Each automation script should consist of small logical modules rather than having one continuous unstructured sequence of test steps. This approach makes scripts easier to maintain in the long-run, and allows rapid creation of new scripts from a library of proven modules. Other script developers can use well-designed modules with minimal or no adaptations. Modules also can increase the independence of a script from the test environment.

You can categorize modules broadly as RequiredToPass, Critical, and Test Case. Typical RequiredToPass modules are setup scripts and scripts that launch the application. Failure of RequiredToPass modules should result in the entire script being aborted. Critical modules include navigating to the client area, inserting test data, and so on. Failure of Critical modules may affect certain test cases. Test Case modules are where you perform the test cases. The test cases should be able to fail without affecting the execution of the whole script. You should be able to rerecord or insert a test case without changing other modules in the script. In addition, Test Case modules can have a specified number of iterations. For example, a test case module to add a new account can be constructed to execute an indefinite number of times without changing any script.

Module interdependency should be clearly established. Execution status for RequiredToPass and Critical modules should be stored in global variables or environment variables so that other modules can use this information for purposes such as error handling. Some test tools will skip an entire module when a failure occurs.

Design Reusable Scripts

Reusability is necessary for building a library of test cases that can be shared between developers and reused for subsequent test cycles. You can improve reusability using a variety of strategies including script modularization, parameterization, and external definition of global functions and constants.

Design Multilingual Tests for Internationalized Applications

Parameterize all hard-coded data contained in internationalized test scripts, and then create script logic to switch the data table at runtime based on the current language setting. You can obtain the language setting for the Siebel application from a suffix on the URL (for example, callcenter_enu).

Parameterization is especially important for picklist values, dates, currencies, and numbers because their formats differ across languages. As a general rule, parameterize all test data and references to configurable UI components.
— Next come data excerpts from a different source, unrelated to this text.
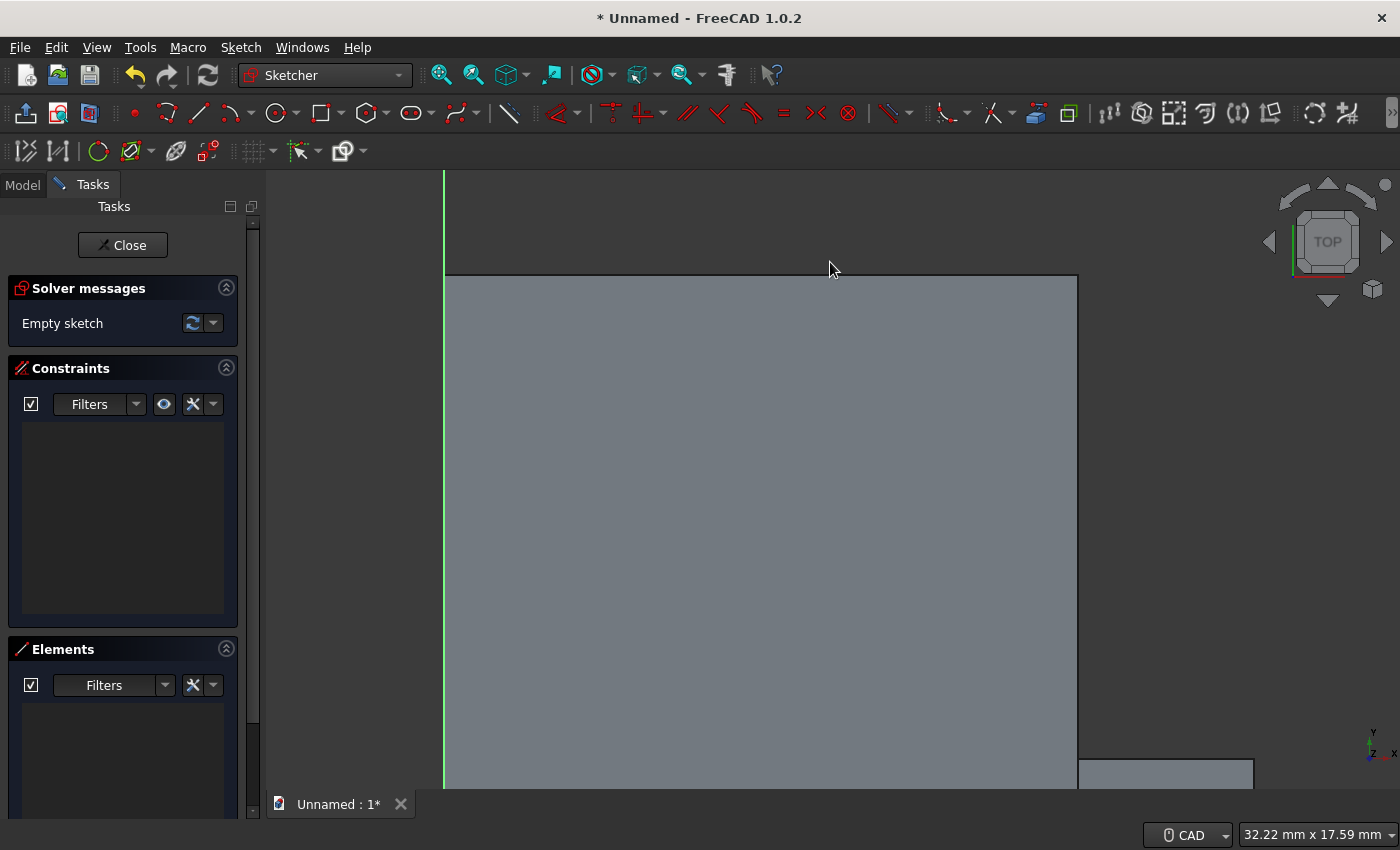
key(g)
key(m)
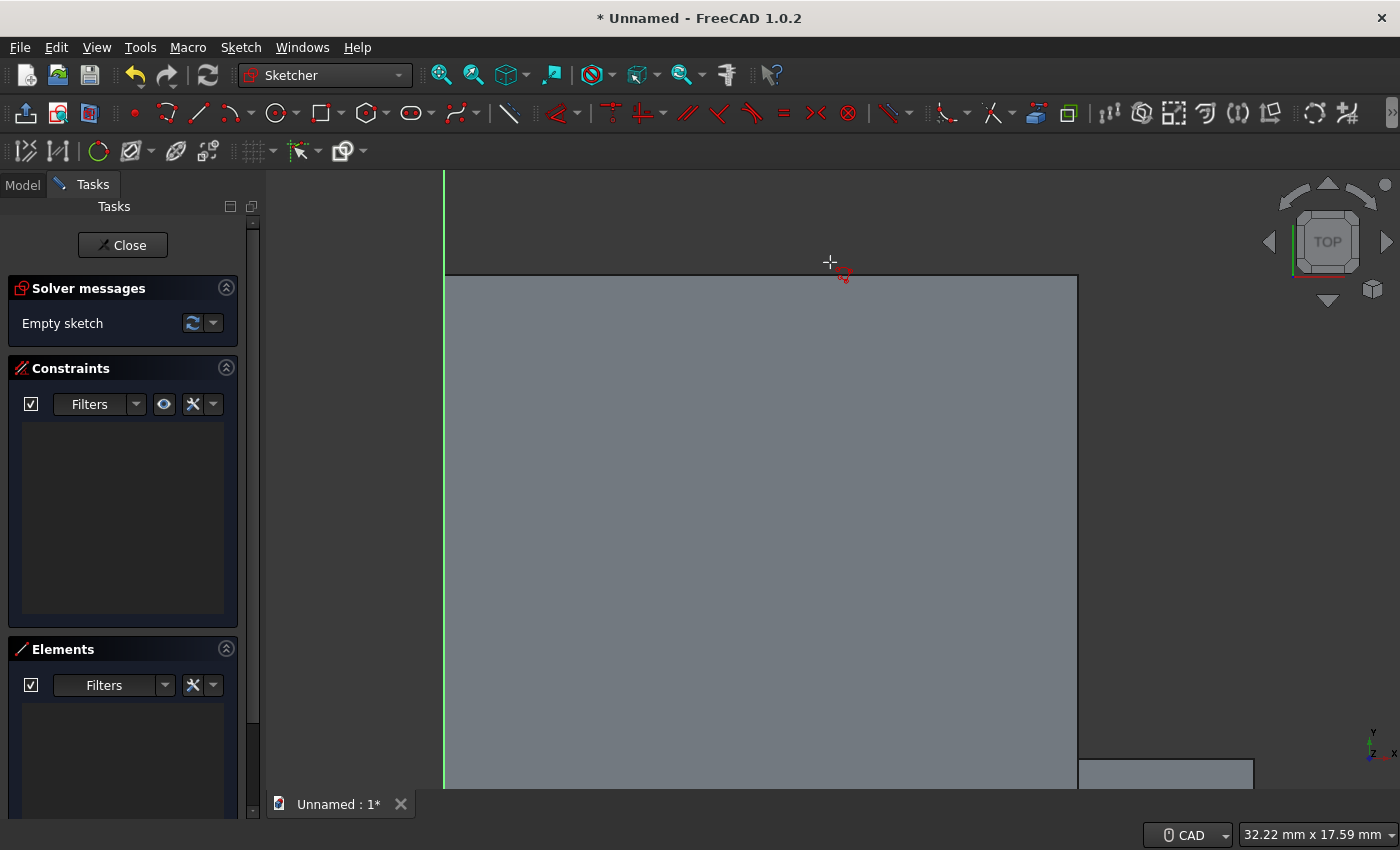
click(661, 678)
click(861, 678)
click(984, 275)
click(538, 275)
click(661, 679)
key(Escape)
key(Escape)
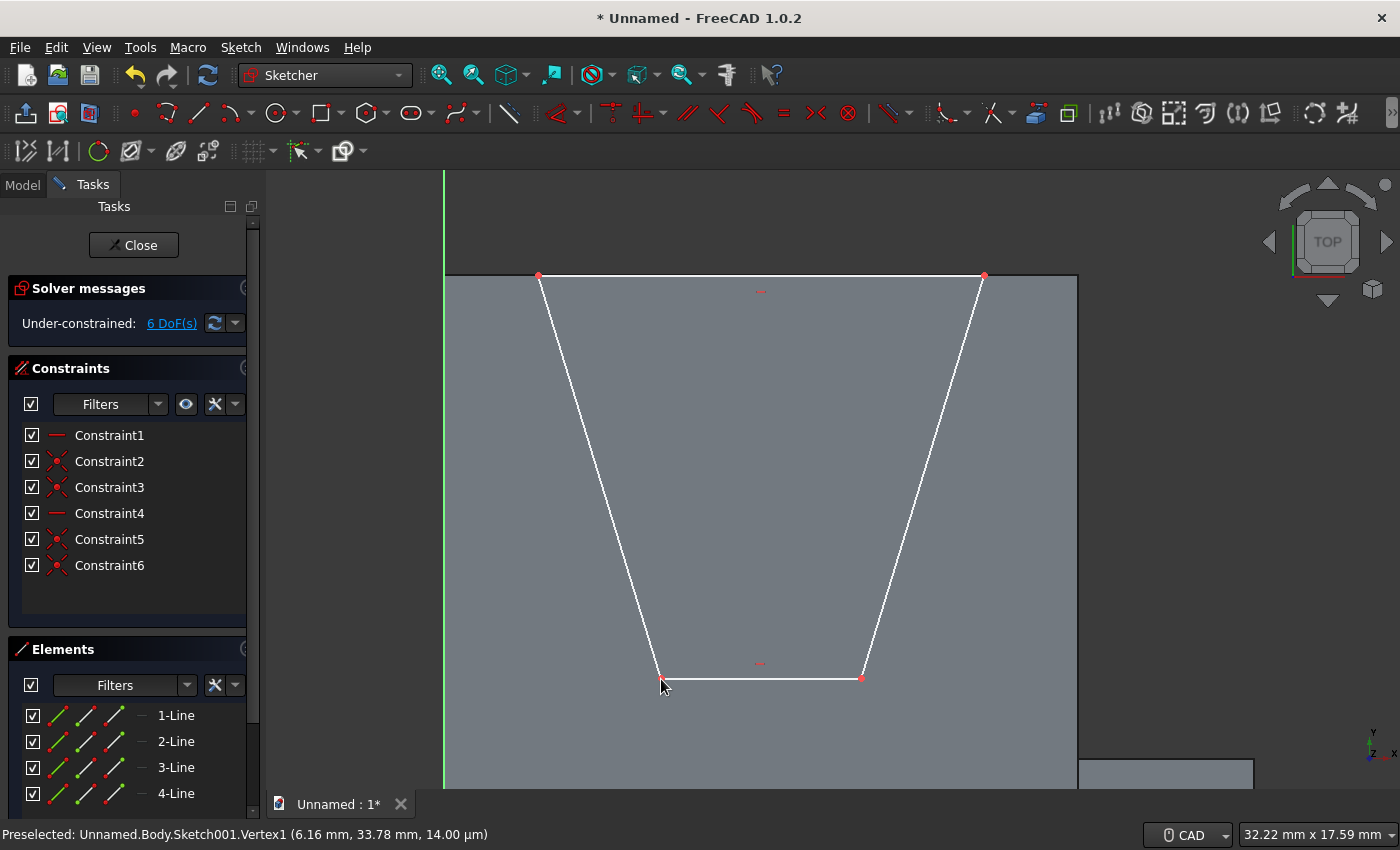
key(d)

NOTE:  The column names and structure of the external data table must be consistent across all languages for the script to access the data successfully.

Use regular expressions to perform basic pattern matching and greater than and less than comparisons. This is especially important for inserting data validation conditions into the script. Do not directly compare string representations of picklist values, dates, currencies, and numbers.

Scripts that perform only navigation without getting or setting data do not need to be modified to run on multiple languages.

Make Test Scripts Independent of the Operating Environment

Develop and use strategies to create environment-independent test scripts. Design your test scripts so that they are capable of running on disparate hardware configurations, operating systems, language locales, database platforms, and browser versions.

Make Test Scripts Independent of Test Data

When authoring a test script, do not leave any hard-coded data values in the script. Instead, replace the hard-coded data with variables that reference an external data source. This procedure is generally called parameterization. Parameterizing your test scripts makes them independent of the data structure of the application being tested. Without parameterization, scripts can stop running due to database conflicts and dependencies.

Parameterization also allows you to switch data tables dynamically, if necessary. Store the data used by test scripts in external data tables. Then use the data table import function within the test script to import data. This feature can be useful for multilingual testing, allowing you to switch the data table based on the current language environment.

NOTE:  The column names and structure of the external data table must match the variable names used in the script.